What you should do
Each line that contains "trend" needs to be copied from the listing.

Exercise inputs
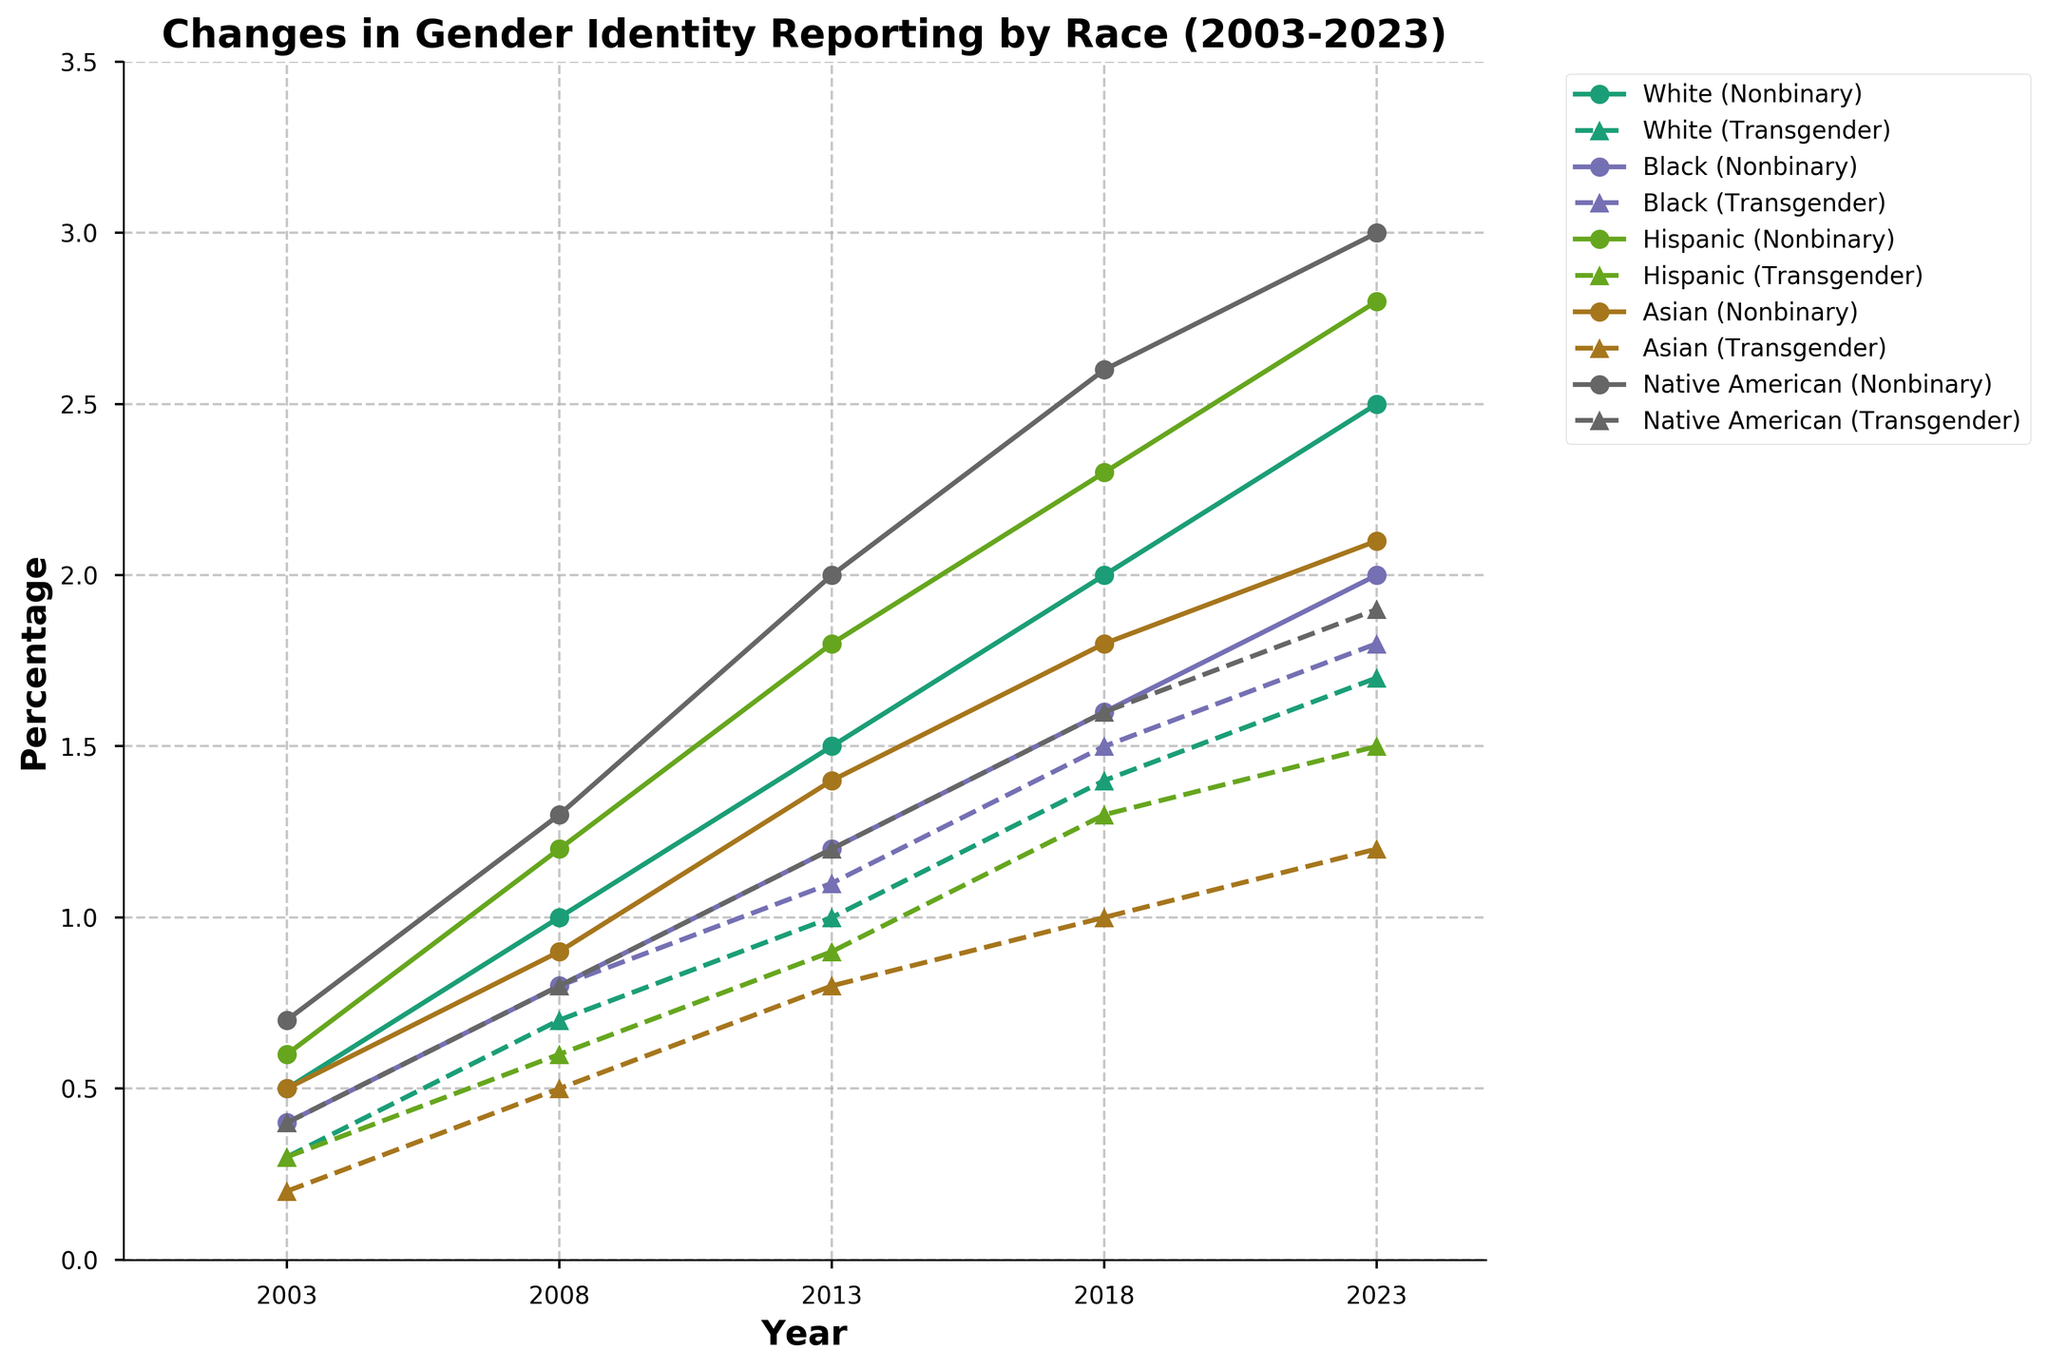What is the highest percentage of identifying as nonbinary recorded among all races? By examining all lines marked with circles on the plot, the Native American group in 2023 shows the highest percentage identifying as nonbinary at 3.0%.
Answer: 3.0% Which race shows the most significant increase in the percentage identifying as nonbinary from 2003 to 2023? To identify this, compare the starting and ending points of the nonbinary percentage for each race. Native American increases from 0.7% in 2003 to 3.0% in 2023, which is the highest increase of 2.3%.
Answer: Native American Between 2003 and 2023, how did the percentage of identifying as transgender among Black individuals change? Look at the plot for the line with triangles for the Black group. In 2003, it's 0.4%, and in 2023, it's 1.8%, showing an increase of 1.4%.
Answer: Increased by 1.4% Which year shows the largest gap between percentages identifying as nonbinary and transgender for the Asian group? For the Asian group, compute the difference between nonbinary and transgender percentages for each year: 2003 (0.5% - 0.2% = 0.3%), 2008 (0.9% - 0.5% = 0.4%), 2013 (1.4% - 0.8% = 0.6%), 2018 (1.8% - 1.0% = 0.8%), and 2023 (2.1% - 1.2% = 0.9%). The largest gap is in 2023 with 0.9%.
Answer: 2023 In which year did the White race reach a 2.0% identification as nonbinary? Follow the line with circles marked for the White group and see that in 2018, the nonbinary percentage reaches 2.0%.
Answer: 2018 Among Hispanic individuals, during which period did the percentage identifying as transgender not change? Observe the triangle-marked line for Hispanic individuals. From 2003 to 2008, it remains constant at 0.3%.
Answer: 2003 to 2008 How does the percentage of Native Americans identifying as transgender in 2023 compare to their percentage in 2003? The triangle-marked line for Native Americans shows 0.4% in 2003 and 1.9% in 2023. Subtract 0.4% from 1.9% to get an increase of 1.5%.
Answer: Increased by 1.5% What trend can be observed for the percentage of Asian individuals identifying as nonbinary over the years? The circle-marked line for Asians shows a consistent rise every year from 0.5% in 2003 to 2.1% in 2023, indicating an upward trend.
Answer: Upward trend

Answer to the exercise
Answer: Increased by 1.5% What trend can be observed for the percentage of Asian individuals identifying as nonbinary over the years? The circle-marked line for Asians shows a consistent rise every year from 0.5% in 2003 to 2.1% in 2023, indicating an upward trend.
Answer: Upward trend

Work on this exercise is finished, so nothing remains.